The Statistical Power Problem
Even when 30 observations are enough to make the math of a statistical test valid, they often aren’t enough to detect what you’re looking for. Statistical power is the probability that your test will correctly identify a real effect when one exists. Researchers generally aim for 80% power, meaning an 80% chance of catching a true effect.
With 30 observations per group and a two-sided test at the standard significance level, you only have 80% power to detect an effect size of about 0.74 (measured using a standardized metric called Cohen’s d). That’s a large effect. If the real difference you’re looking for is moderate, say around 0.5, a sample of 30 per group will miss it more often than not. If you want 90% power with a two-sided test, you’d need an effect size of 0.85 or larger for 30 observations to be sufficient. In practical terms, this means a sample of 30 is only reliable for spotting differences that are already pretty obvious.

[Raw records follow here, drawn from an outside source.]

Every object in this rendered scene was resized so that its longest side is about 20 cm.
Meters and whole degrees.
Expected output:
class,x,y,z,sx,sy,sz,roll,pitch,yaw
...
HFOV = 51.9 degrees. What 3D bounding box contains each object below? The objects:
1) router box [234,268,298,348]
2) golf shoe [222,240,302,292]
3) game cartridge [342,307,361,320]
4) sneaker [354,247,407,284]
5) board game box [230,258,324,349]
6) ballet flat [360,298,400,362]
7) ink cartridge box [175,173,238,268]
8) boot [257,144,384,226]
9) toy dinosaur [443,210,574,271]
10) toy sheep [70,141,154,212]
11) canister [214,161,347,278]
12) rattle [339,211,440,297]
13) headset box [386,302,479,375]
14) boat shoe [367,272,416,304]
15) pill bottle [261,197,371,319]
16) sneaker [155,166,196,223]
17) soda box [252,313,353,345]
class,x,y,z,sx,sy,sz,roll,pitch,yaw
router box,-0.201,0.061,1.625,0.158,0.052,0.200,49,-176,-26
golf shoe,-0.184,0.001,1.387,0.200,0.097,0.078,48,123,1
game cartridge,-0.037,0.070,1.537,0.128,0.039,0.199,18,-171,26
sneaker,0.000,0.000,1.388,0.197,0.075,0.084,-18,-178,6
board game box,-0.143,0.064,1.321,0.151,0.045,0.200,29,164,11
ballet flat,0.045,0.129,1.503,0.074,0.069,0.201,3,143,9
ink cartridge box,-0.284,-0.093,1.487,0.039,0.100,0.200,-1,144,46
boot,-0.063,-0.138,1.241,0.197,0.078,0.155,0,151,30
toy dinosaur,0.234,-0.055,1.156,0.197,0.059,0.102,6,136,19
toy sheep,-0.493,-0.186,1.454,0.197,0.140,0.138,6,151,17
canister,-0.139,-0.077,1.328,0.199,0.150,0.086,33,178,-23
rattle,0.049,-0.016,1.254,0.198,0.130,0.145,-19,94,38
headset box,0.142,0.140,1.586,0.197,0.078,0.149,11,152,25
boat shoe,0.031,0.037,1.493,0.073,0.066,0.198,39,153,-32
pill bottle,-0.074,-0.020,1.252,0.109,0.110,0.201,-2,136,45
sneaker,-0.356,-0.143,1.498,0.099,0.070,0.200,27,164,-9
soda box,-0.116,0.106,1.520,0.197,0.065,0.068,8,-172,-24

Why Modern Statisticians Want to Retire the Rule
A well-known paper from Google Research argued directly that it’s time to retire the “n ≥ 30” rule, calling it a relic of the pre-computer era. The paper demonstrated cases where even 1,664 observations weren’t enough for t-test inferences to be reasonably accurate, depending on the shape of the underlying data. If a sample that large can fail, then 30 clearly isn’t a safe universal floor.

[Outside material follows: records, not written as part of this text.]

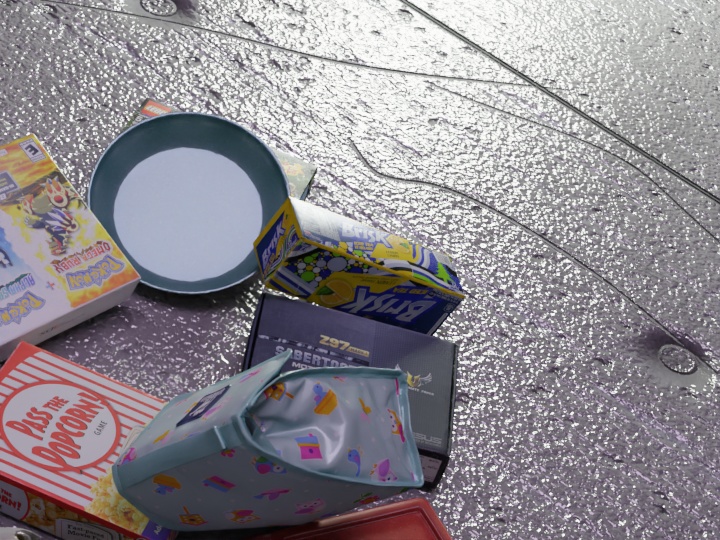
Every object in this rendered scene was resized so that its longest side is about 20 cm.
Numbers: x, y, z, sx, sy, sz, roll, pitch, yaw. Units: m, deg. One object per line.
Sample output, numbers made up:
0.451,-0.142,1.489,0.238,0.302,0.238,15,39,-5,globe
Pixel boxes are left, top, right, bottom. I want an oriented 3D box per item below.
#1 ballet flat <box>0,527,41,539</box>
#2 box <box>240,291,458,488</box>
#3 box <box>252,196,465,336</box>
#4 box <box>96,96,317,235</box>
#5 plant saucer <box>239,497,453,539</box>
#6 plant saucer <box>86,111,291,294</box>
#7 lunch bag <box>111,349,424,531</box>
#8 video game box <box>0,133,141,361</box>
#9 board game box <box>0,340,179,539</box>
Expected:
-0.255,0.239,1.343,0.199,0.069,0.068,29,40,12,ballet flat
-0.012,0.108,1.613,0.199,0.051,0.158,16,38,-5,box
0.000,0.000,1.685,0.199,0.070,0.064,20,34,-32,box
-0.159,-0.096,1.800,0.199,0.038,0.137,22,39,3,box
0.020,0.272,1.447,0.199,0.037,0.200,-9,47,-30,plant saucer
-0.168,-0.061,1.713,0.199,0.036,0.201,3,64,-6,plant saucer
-0.078,0.140,1.395,0.199,0.170,0.123,7,67,-46,lunch bag
-0.330,-0.016,1.585,0.200,0.047,0.182,-28,77,-40,video game box
-0.232,0.156,1.467,0.199,0.046,0.152,22,39,3,board game box

The core problem is that the rule treats sample size as a fixed number when it should be a decision based on context. The right sample size depends on how skewed your data is, how large an effect you’re trying to detect, how much uncertainty you can tolerate, and what kind of analysis you’re running. Modern approaches use power analysis (calculating the sample size you need before collecting data) or computer-intensive methods like bootstrapping, which resample your actual data thousands of times to check whether your conclusions hold up. These tools make the old rule unnecessary.
Why the Rule Persists
Despite its limitations, the n ≥ 30 guideline survives because it’s simple, easy to teach, and works reasonably well in introductory statistics courses where examples tend to use well-behaved data. It gives students a concrete number to anchor to when they’re first learning about sampling. For symmetric, unskewed data with no extreme outliers, 30 genuinely is a reasonable starting point. The trouble comes when people carry this classroom heuristic into real-world research, where data is messy, effects are small, and the stakes of getting it wrong are high.
If you’re designing a study or evaluating someone else’s, the honest answer to “how many observations do I need?” is always “it depends.” The number 30 is a pedagogical shortcut, not a statistical law.